Currently, malware (including trojans and worms and spyware, and malware) are used to send large amounts of files requested by the user, the latter are usually sold to spammers. There is a real black market linked to malware than the trading of personal information, you can purchase the use of infected computers, which can be used for its own purposes and without the knowledge of owners, a certain amount (in order of thousands) of computers controlled remotely via a backdoor.

Study: From Wikipedia, the free encyclopedia. The text is available under the Creative Commons.

What Is Malware | Part 1

Thursday, March 11th, 2010

What Is Malware?

Malware is defined as any software created with the sole purpose of causing more or less serious damage to the computer on which it runs.

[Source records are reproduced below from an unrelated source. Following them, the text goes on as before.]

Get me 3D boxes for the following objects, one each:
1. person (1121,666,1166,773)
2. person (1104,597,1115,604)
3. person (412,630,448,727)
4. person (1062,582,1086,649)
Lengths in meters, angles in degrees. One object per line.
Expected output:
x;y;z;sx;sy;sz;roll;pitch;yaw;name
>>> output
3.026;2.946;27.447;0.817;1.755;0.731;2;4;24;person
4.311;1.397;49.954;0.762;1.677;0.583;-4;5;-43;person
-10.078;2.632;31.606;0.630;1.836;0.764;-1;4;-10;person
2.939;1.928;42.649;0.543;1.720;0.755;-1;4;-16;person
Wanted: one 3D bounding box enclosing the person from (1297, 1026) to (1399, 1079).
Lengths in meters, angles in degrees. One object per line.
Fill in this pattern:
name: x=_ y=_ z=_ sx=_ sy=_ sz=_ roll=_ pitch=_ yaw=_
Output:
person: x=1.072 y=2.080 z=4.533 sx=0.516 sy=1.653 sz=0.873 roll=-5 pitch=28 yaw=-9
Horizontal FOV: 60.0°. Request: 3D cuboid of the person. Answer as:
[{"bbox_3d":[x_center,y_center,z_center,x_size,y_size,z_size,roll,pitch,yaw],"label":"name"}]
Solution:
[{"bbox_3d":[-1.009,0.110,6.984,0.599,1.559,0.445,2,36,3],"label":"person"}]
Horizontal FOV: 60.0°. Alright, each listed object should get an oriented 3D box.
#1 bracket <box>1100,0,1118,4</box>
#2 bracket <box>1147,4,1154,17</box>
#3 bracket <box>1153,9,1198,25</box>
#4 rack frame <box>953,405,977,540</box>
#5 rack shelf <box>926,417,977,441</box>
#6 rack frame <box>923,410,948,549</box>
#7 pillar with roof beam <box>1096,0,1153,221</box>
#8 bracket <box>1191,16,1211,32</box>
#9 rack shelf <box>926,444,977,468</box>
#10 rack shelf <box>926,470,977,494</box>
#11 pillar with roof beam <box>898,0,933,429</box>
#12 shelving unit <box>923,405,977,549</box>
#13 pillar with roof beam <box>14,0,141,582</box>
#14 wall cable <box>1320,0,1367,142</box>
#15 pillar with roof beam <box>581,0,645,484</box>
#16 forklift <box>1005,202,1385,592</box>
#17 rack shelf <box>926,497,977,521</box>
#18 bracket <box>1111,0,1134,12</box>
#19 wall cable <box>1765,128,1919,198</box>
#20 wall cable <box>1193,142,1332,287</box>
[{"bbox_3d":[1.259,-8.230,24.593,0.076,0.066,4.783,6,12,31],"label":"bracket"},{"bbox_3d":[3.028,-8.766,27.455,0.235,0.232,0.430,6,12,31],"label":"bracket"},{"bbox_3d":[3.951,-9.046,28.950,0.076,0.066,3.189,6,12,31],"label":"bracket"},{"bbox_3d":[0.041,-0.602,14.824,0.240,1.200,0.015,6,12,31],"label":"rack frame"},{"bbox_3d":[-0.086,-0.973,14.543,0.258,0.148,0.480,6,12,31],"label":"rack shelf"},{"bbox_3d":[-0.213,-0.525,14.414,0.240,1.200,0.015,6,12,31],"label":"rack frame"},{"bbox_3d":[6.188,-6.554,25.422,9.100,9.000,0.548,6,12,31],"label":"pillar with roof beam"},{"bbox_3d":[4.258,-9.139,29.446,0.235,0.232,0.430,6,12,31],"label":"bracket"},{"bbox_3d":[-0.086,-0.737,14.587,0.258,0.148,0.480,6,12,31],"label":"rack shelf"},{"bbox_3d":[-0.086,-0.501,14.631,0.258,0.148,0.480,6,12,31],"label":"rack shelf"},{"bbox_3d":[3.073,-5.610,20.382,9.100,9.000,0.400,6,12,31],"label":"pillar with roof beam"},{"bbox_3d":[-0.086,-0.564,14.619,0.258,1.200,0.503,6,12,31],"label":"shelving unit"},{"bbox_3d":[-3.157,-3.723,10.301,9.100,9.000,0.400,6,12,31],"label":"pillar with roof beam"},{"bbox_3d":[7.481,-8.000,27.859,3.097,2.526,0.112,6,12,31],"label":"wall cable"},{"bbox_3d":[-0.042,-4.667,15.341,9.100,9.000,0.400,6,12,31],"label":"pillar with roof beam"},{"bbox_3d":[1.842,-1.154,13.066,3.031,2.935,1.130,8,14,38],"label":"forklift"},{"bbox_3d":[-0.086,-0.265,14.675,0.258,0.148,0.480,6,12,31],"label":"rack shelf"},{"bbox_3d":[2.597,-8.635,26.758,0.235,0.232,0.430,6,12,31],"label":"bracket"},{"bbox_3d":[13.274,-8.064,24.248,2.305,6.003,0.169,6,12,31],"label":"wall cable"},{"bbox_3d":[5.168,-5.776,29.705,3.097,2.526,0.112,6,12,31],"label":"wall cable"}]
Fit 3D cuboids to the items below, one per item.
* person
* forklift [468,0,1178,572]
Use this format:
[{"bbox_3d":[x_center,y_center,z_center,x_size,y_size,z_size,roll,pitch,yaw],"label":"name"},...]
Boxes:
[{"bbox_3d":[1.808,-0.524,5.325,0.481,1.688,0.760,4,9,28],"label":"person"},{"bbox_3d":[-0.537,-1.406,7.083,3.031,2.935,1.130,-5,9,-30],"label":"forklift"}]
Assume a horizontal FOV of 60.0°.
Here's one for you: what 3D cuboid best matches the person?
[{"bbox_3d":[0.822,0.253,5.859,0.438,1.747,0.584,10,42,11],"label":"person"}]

The term comes from the contraction of the words malicious and software, and therefore the literal meaning of “program evil”, is also known as malicious code.

The spread of such software is constantly increasing. It is estimated that in 2008 only one year on the Internet are shot about 15 million of malware, including those circulated between the months of January and August are the sum of the previous 17 years, and these numbers will likely increase.

Categories Of Malware

Are distinguished several categories of malware, though often these programs are composed of several parts interdependent, and therefore belong to more than one class. Furthermore, given the rapid developments in this field, the classification presented below is not to be exhaustive.

  • Virus: they are pieces of code that spreads by copying itself into other programs, or in a particular section of the hard drive in order to be executed each time the infected file is opened. A virus program travels from one computer to another via the movement of infected files by users.
  • Worm: they do not need malware to infect other files to spread, because changing the operating system of the host machine to be executed automatically, and groped to replicate using mostly the Internet. To induce you to run them using social engineering techniques, or exploiting the defects (bugs) of some programs to spread automatically. Their purpose is to slow down the system with useless or harmful operations.
  • Trojan horses: software that besides having the functionality “lawful”, useful to induce you to use, contain malicious instructions that are executed without the user. Not have auto-replication, so spread must be knowingly sent to the victim. The name comes from the famous Trojan horse.
  • Backdoor: literally “back door”. Are programs which allow unauthorized access to the system you are running. Typically spread in combination with a trojan or a worm, or are a form of emergency access to a system, for example to cater for the recovery of a forgotten password.
  • Spyware: Software that is used to gather information from the system on which they are installed and to transmit to a beneficiary. Information carp may go up from surfing habits to passwords and encryption keys for a user.
  • Dialer: these programs are responsible for managing the connection to the Internet via the normal telephone line. Malwares are quite dangerous programs as they are used in fraudulent manners, changing the number dialed by the connection with a default set rates in order to reap illegal profits without your knowledge.